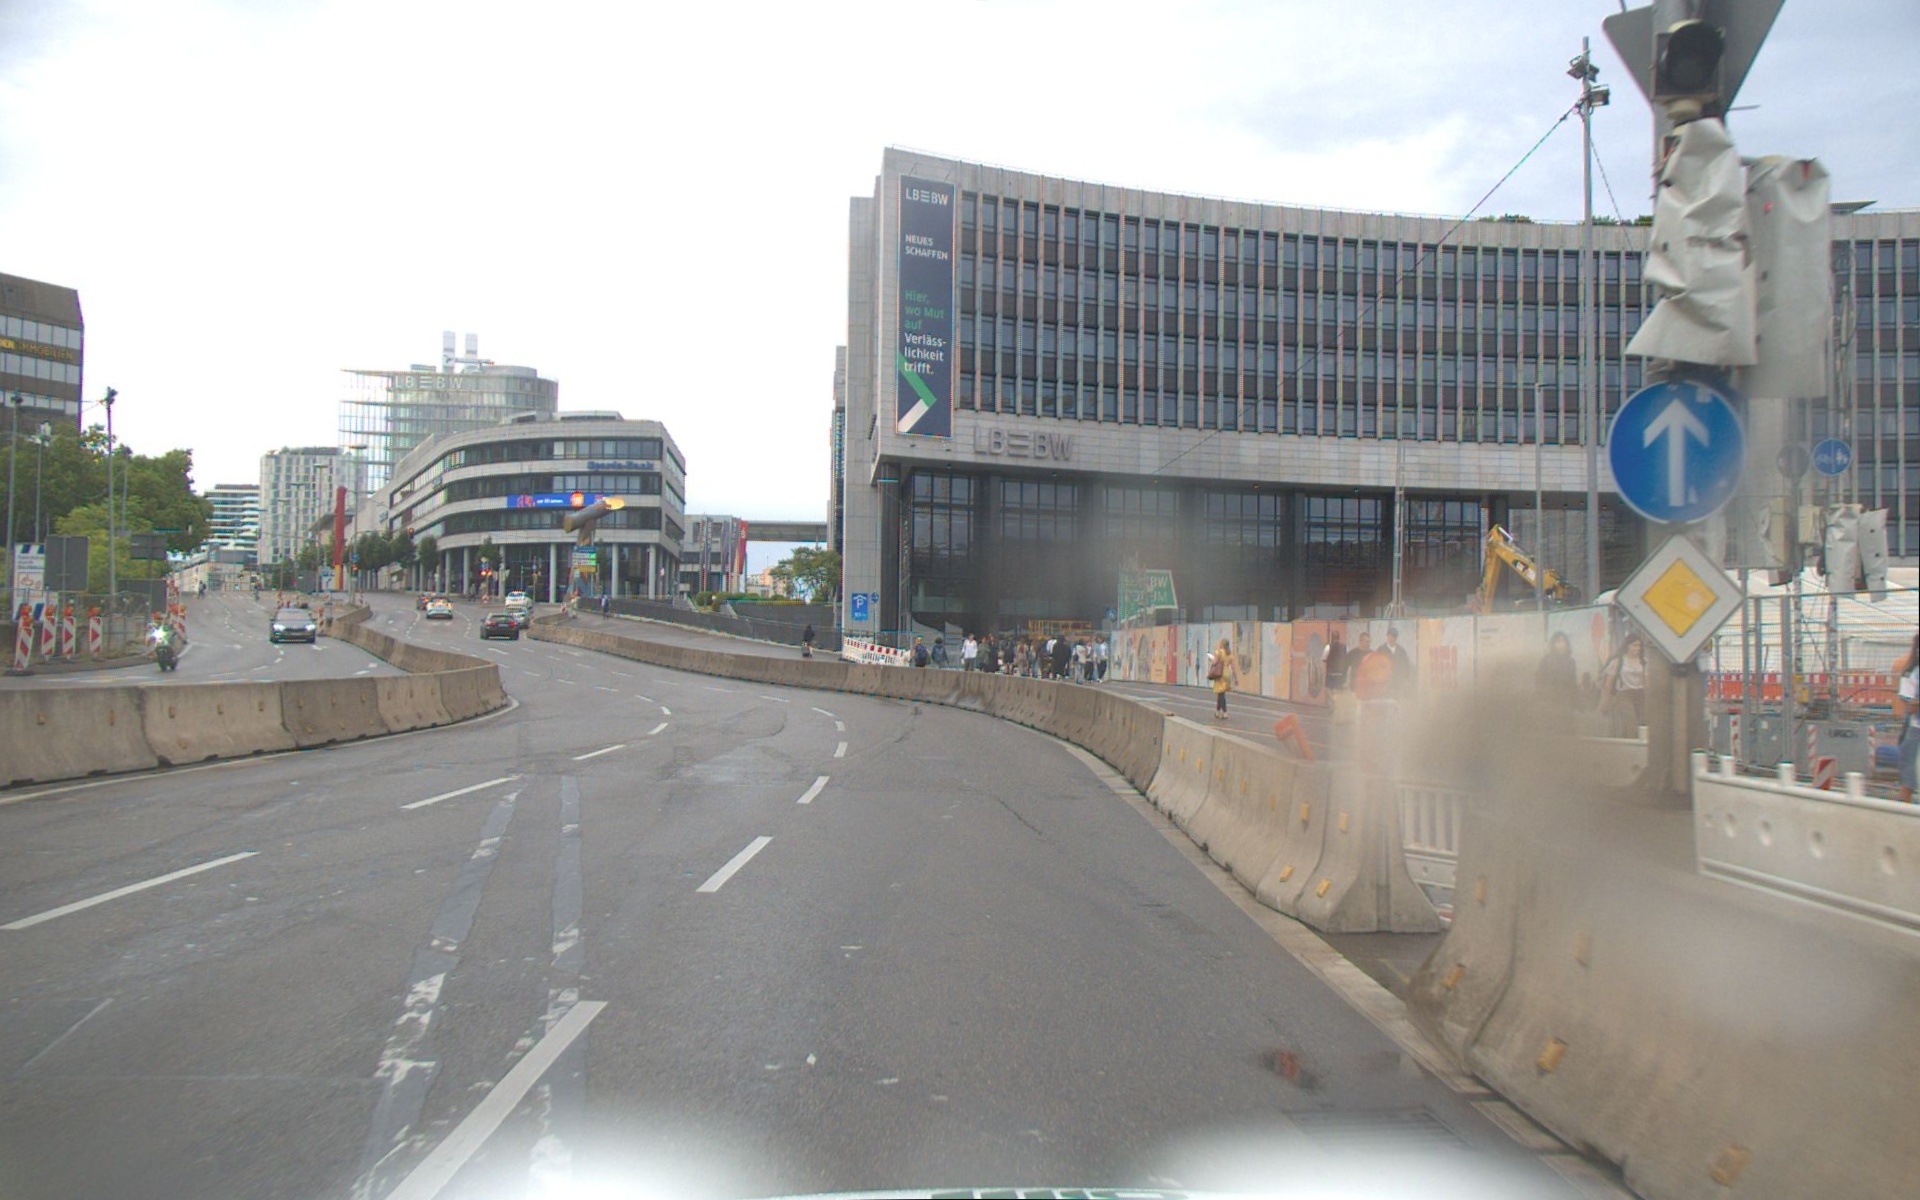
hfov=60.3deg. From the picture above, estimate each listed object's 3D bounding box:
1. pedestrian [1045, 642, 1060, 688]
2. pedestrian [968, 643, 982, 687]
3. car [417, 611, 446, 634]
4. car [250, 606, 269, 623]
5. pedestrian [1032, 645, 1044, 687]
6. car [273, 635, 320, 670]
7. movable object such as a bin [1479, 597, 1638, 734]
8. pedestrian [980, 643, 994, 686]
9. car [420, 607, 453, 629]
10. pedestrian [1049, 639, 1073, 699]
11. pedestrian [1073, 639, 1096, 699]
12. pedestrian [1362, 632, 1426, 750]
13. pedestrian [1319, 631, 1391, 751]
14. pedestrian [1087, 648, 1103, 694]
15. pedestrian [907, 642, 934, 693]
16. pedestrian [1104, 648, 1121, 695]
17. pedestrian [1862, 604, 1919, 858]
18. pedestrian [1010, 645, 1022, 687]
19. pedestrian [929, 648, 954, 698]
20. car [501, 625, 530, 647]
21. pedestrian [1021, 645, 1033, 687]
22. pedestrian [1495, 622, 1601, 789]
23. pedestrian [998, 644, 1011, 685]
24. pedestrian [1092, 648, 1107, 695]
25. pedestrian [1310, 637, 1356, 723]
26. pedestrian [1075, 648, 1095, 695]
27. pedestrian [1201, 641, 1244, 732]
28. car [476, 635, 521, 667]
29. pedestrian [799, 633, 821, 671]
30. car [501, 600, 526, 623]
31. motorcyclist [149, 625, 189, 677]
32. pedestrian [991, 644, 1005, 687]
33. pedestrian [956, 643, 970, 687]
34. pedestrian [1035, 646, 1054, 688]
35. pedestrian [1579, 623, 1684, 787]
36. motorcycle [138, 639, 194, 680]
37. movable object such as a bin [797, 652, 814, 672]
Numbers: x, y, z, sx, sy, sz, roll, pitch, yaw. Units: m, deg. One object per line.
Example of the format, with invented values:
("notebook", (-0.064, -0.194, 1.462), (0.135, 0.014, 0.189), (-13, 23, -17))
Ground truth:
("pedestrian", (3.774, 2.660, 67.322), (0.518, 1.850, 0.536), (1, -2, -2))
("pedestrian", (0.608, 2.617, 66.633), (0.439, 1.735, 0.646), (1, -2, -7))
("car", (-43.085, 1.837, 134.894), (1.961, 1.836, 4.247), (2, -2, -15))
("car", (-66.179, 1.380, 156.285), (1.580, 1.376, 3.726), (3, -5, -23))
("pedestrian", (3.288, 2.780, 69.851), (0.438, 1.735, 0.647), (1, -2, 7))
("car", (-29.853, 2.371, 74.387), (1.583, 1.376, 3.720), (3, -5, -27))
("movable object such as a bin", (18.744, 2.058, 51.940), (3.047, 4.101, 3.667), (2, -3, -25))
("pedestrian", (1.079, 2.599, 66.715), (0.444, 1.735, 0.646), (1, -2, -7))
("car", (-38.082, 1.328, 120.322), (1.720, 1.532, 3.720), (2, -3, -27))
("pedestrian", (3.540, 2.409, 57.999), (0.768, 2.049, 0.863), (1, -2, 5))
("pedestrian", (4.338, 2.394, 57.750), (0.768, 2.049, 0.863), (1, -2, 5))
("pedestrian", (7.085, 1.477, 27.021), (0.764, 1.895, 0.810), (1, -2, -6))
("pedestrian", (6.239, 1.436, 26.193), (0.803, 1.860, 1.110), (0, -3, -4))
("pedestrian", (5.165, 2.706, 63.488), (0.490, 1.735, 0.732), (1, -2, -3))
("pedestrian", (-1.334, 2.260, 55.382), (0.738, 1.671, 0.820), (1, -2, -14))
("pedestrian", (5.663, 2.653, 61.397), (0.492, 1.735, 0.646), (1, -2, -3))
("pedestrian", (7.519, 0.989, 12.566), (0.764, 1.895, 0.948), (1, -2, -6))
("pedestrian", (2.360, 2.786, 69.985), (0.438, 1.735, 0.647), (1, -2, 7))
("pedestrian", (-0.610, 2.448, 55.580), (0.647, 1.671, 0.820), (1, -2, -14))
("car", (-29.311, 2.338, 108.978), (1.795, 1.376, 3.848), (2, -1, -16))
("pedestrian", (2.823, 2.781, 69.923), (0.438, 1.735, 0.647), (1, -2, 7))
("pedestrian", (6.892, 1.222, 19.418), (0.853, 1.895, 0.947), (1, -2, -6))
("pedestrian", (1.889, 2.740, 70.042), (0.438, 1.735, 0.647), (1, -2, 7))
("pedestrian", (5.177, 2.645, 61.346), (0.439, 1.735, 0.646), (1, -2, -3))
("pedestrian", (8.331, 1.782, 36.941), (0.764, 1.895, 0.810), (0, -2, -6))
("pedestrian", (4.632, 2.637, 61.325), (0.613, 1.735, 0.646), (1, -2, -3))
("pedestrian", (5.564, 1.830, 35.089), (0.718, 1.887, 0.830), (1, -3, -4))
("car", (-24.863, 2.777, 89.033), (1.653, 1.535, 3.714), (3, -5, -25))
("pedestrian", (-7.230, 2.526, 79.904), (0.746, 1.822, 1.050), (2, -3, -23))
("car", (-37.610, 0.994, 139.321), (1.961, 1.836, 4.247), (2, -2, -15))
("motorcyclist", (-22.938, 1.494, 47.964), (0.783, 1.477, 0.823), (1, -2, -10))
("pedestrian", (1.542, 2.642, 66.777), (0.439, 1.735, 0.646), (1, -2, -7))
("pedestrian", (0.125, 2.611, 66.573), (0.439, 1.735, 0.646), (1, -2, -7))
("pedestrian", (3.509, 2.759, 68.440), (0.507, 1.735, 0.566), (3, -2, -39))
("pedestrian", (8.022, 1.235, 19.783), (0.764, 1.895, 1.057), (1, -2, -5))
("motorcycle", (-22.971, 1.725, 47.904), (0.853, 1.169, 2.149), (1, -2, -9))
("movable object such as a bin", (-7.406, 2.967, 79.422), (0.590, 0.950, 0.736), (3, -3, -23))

--

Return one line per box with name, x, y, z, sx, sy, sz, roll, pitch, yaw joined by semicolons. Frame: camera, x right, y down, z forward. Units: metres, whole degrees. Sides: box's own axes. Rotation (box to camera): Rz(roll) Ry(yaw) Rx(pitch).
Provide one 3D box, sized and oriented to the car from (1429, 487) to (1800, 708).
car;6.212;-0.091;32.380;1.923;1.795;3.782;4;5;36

...

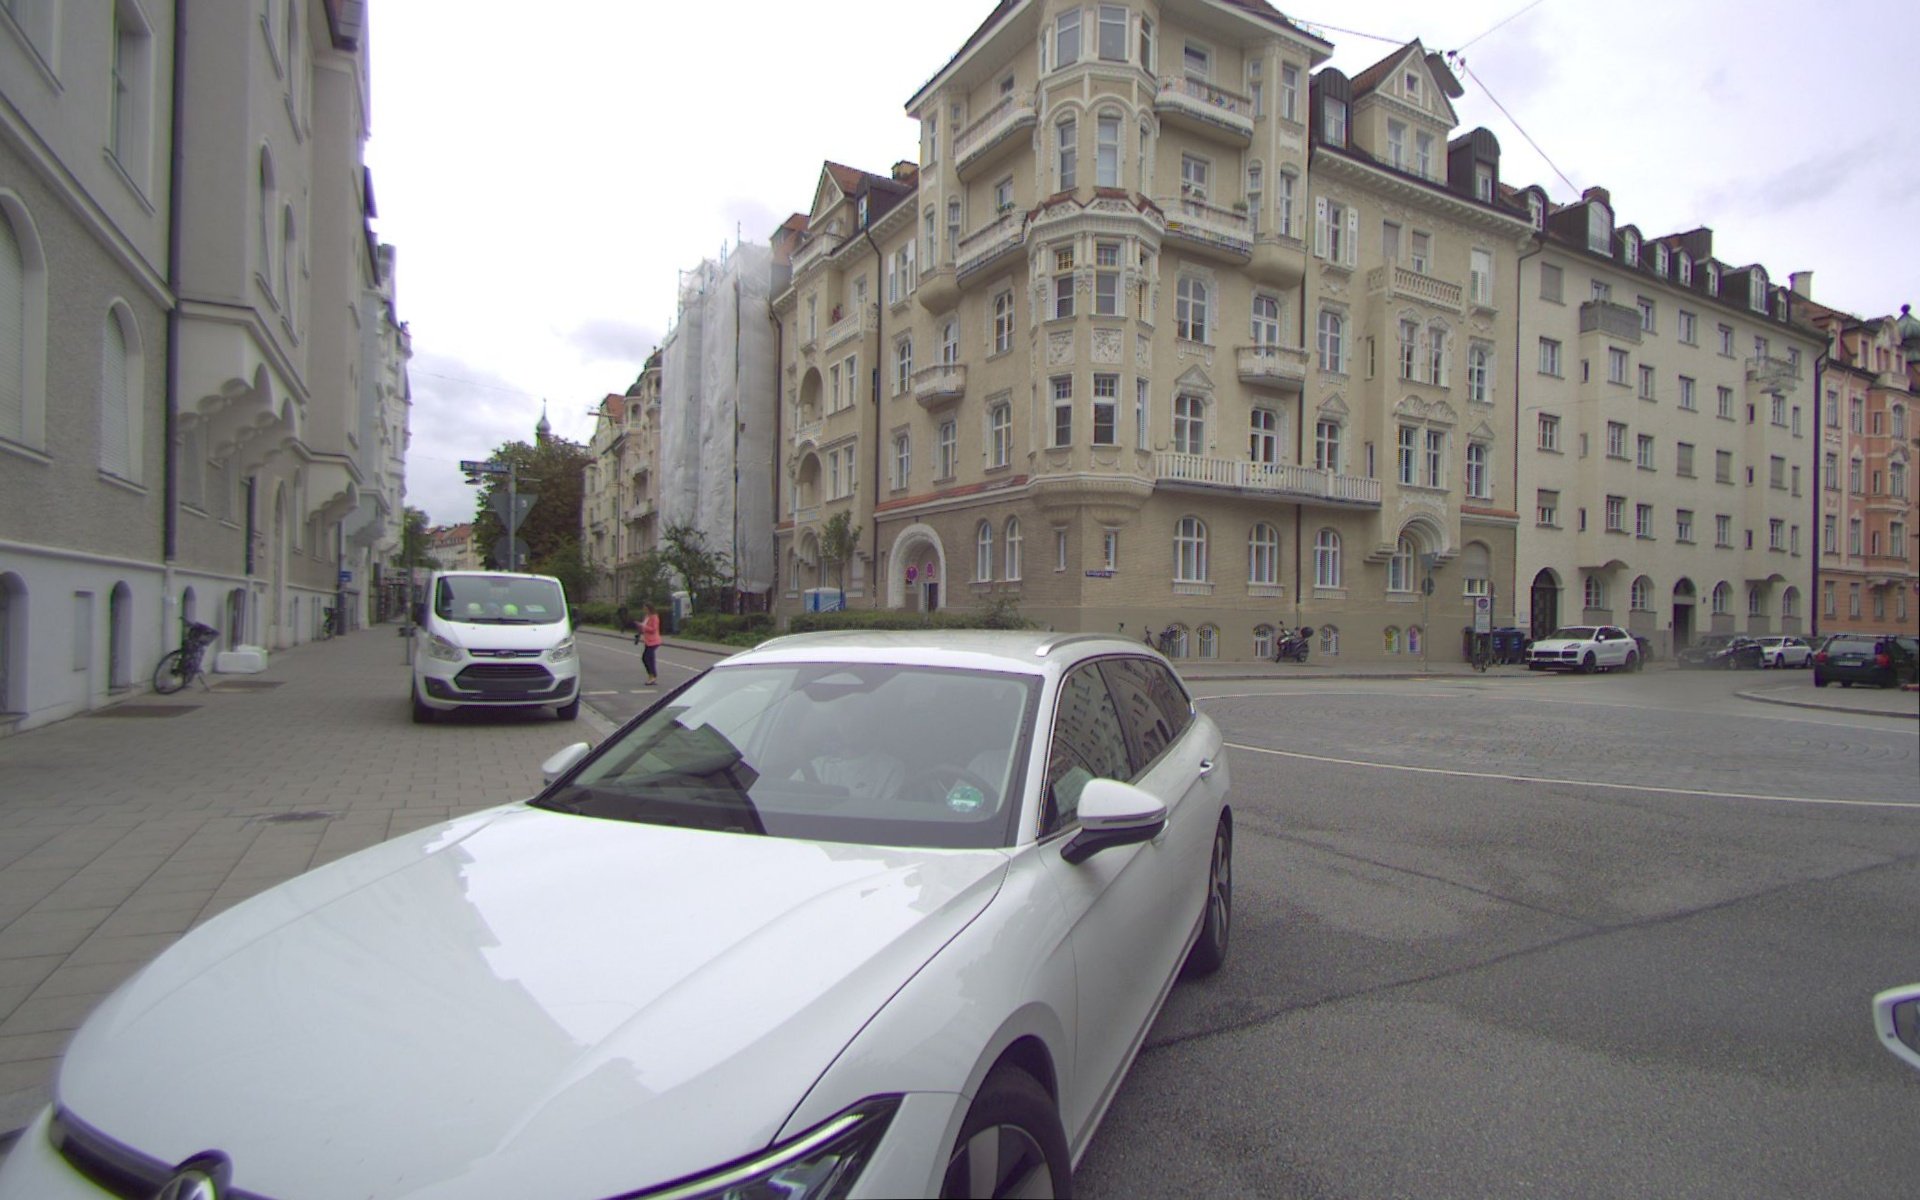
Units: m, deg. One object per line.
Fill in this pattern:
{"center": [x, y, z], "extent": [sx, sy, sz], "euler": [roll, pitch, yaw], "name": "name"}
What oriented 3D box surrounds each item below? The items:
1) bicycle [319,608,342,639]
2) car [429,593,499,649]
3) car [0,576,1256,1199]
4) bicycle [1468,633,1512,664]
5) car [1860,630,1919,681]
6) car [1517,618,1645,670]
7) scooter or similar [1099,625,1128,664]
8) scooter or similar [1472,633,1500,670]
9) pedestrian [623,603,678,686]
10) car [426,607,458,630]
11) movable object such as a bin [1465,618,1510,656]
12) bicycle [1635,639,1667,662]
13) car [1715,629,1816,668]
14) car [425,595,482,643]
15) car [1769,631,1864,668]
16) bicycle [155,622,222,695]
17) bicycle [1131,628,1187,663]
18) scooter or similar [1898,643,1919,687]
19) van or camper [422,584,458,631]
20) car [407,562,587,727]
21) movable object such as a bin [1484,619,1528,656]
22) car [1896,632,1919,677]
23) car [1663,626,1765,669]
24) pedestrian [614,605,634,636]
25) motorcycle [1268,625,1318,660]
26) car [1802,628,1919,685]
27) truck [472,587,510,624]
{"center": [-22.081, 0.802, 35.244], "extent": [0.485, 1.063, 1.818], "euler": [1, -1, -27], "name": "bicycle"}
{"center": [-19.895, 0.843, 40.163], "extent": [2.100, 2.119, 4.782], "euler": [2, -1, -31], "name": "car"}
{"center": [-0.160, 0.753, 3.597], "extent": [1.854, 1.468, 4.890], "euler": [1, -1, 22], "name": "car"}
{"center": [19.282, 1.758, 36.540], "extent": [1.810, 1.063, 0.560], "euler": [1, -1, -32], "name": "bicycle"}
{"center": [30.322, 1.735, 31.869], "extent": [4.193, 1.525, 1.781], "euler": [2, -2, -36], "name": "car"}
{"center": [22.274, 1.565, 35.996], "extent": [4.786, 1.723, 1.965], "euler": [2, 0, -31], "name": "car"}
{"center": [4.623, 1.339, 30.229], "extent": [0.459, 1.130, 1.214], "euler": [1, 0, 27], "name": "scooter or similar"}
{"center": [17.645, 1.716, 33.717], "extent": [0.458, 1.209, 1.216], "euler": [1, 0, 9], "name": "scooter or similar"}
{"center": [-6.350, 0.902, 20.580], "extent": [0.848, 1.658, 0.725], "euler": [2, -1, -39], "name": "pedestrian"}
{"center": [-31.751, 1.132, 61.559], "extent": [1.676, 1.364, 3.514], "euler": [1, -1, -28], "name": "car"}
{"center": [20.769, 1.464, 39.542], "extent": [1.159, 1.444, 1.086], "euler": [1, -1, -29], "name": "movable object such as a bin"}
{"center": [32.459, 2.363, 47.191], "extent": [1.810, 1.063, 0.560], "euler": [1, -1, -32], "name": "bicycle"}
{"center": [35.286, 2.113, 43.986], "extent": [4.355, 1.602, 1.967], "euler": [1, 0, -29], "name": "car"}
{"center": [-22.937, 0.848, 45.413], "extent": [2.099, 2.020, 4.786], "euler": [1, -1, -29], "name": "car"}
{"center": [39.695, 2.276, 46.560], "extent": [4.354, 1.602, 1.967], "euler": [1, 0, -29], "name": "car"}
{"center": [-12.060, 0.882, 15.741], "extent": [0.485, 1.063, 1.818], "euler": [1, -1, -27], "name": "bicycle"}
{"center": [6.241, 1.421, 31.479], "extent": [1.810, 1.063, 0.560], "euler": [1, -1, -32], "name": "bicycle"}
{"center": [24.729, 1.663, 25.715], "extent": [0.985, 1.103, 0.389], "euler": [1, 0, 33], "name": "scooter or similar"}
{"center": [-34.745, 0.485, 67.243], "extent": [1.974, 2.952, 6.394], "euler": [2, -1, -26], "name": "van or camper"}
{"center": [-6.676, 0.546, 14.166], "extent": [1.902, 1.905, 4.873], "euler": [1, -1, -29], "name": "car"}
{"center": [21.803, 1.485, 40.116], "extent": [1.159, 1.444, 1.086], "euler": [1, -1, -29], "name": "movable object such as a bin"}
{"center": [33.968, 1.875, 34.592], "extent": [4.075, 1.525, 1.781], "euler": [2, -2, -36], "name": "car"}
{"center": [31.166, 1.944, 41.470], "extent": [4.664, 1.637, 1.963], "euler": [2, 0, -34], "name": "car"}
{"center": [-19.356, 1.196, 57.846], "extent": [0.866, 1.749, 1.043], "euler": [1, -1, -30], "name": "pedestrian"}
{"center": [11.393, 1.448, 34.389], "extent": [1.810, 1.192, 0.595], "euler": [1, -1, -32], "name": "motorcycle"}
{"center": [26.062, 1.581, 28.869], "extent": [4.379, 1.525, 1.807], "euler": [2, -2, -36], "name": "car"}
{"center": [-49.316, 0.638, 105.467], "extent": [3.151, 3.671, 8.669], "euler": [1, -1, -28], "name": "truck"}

### TRY IT:
In the listing above, find the line with "hfov=60.3deg. From the" and the line with "12. pedestrian [1362, 632, 1426, 750]", then reproduce both and every line between them exactly.

### YOUR RESPONSE:
hfov=60.3deg. From the picture above, estimate each listed object's 3D bounding box:
1. pedestrian [1045, 642, 1060, 688]
2. pedestrian [968, 643, 982, 687]
3. car [417, 611, 446, 634]
4. car [250, 606, 269, 623]
5. pedestrian [1032, 645, 1044, 687]
6. car [273, 635, 320, 670]
7. movable object such as a bin [1479, 597, 1638, 734]
8. pedestrian [980, 643, 994, 686]
9. car [420, 607, 453, 629]
10. pedestrian [1049, 639, 1073, 699]
11. pedestrian [1073, 639, 1096, 699]
12. pedestrian [1362, 632, 1426, 750]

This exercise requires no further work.